When you start work on an ambitious project, you’re forced to make many foundational decisions.

It’s hard to know the consequences of each and every one of those decisions for the project into the future. Will this decision help the project thrive? Will that decision constrain it?

The solution, I think, is to establish the fundamental principles of the project right from the start. That way you can simply ask of any decision: is it consistent with those principles?

Here, then, are 7 principles of the Open Web Mind.

Principle 1 – Open

This one’s so fundamental that it’s right there in the name.

The Open Web Mind is open.

It’s an open protocol: anyone can create a mind that can talk to any other mind.

It’s open source: if you want to host your own mind, you’ll be able do so with free software.

It’s open data: all the facts in all the minds are uncopyrighted.

And it’s open-minded: it’s a place where all thought is allowed, as long as it’s not illegal.

Principle 2 – Basic

The Open Web Mind is a foundation for people to build on.

It includes anything that’s basic: anything essential to sharing human intelligence.

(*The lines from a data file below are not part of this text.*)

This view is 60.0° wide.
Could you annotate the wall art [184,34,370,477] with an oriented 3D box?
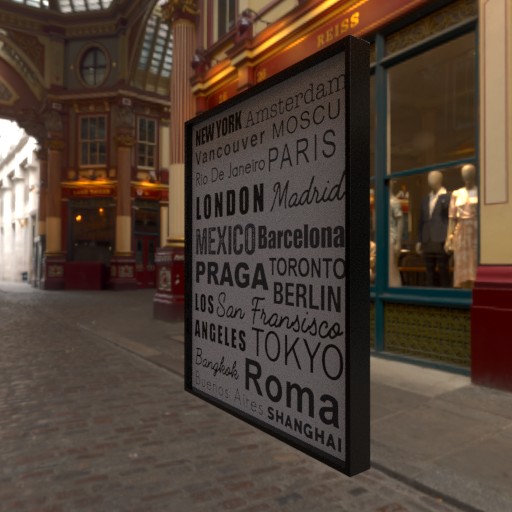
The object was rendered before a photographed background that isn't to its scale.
[{"bbox_3d":[0.000,0.000,0.742,0.038,0.551,0.448,0,0,-36],"label":"wall art"}]
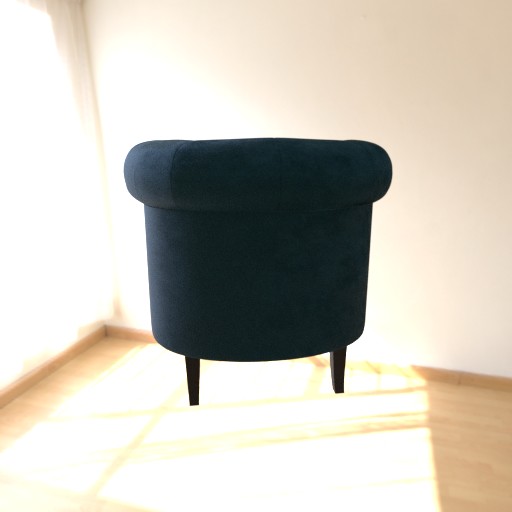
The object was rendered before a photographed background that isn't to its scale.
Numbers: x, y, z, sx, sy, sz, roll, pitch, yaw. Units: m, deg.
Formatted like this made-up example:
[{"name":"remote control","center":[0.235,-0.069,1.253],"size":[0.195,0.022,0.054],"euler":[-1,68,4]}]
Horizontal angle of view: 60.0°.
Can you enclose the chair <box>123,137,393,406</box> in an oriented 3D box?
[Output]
[{"name":"chair","center":[0.000,0.000,1.616],"size":[0.904,0.826,0.851],"euler":[-2,14,-8]}]

It excludes anything that’s not: anything over-specific; anything over-complicated; anything superfluous.

By focusing on the basics, it allows people to build on it in ways never imagined.

Principle 3 – Boundless

The Open Web Mind is designed to be boundless.

It should impose no limits: on the ideas it can represent, on the thoughts it can support, on the languages in which those thoughts and ideas may be expressed.

Principle 4 – Rough

The Open Web Mind will always be as messy as any human mind.

It will never be perfect and it will never be complete.

If it required perfection or completeness, progress towards perfection and completeness would be stifled.

Instead, it embraces messiness: half-formed ideas, half-baked thoughts, rough approximations.

Principle 5 – Robust

One way to be robust is by owning everything: all search, all social, all commerce. That leads to closed-minded monopolies that try to throttle the competition.

The Open Web Mind seeks to be robust by allowing the people who build on it to own what they build. That leads to an open-minded movement of people who support each other’s efforts.

It seeks to be anti-fragile: the more people build on it – the deeper and the wider the movement – the less vulnerable it will be to those who might want to kill it.

Principle 6 – Human

The Open Web Mind isn’t artificial intelligence, it’s human intelligence.

It doesn’t think, we do.

Machine learning may have peripheral applications in the Open Web Mind, such as identifying abuse; but it’s not what the Open Web Mind is, at its core.

The Open Web Mind is human.

Principle 7 – Free

The Open Web Mind is free-as-in-freedom.

No one tells anyone else what to do.

When you create your own mind, you don’t have to ask for anyone’s permission. You ideate your own ideas and think your own thoughts.

If you don’t like the Open Web Mind hosting, you’re free to host your mind elsewhere.

If you don’t like the Open Web Mind protocol, you’re free to follow your own protocol.

If you want to build a business on Open Web Mind principles, software and data, go right ahead.

As far as is feasible within the limits of the law, the Open Web Mind opts for freedom.